Chinese refineries began to reduce purchases of Russian oil after US sanctions: Bloomberg
Chinese refiners have begun to cut purchases of Russian oil after the United States and other Western powers imposed new sanctions on Russia’s top producers and some of their customers, Bloomberg reported.
State-owned companies Sinopec and PetroChina have already cut back on several shipments after the United States added Rosneft and Lukoil to sanctions last month. Even smaller private refiners are temporarily halting purchases, fearing they could be hit with sanctions. This is what happened to Shandong Yulong Petrochemical Co., which was recently sanctioned by the UK and the European Union.
Russian ESPO crude oil has been hit the hardest, with its price plummeting. Rystad Energy AS estimates that the cut in supplies is around 400,000 barrels per day, or about 45% of Russian oil exports to China.

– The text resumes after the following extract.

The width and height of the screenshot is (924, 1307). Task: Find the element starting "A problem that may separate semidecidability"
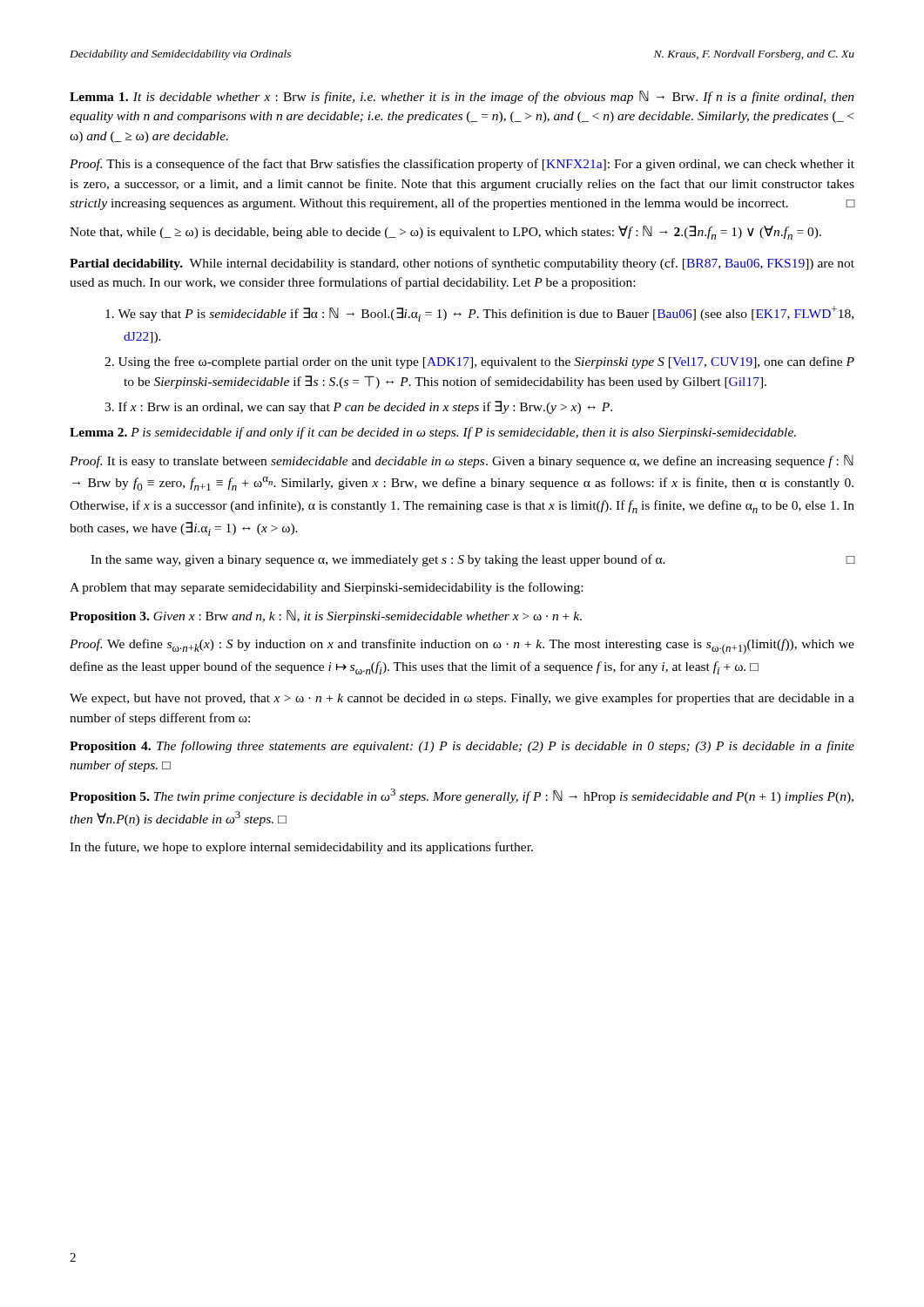(462, 588)

Russia has previously maintained its position as China’s main oil supplier thanks to significant discounts imposed after sanctions over its invasion of Ukraine. But the US and its allies are now stepping up pressure, expanding sanctions not only on Russian producers but also on their buyers. The aim is to reduce Moscow’s oil revenues and limit its ability to finance a war.
With China remaining the world’s largest importer of crude, the reduction in Russian purchases could open up new opportunities for other exporters, including the United States. Last week, Washington and Beijing agreed to a trade truce during a meeting between US President Donald Trump and Chinese leader Xi Jinping.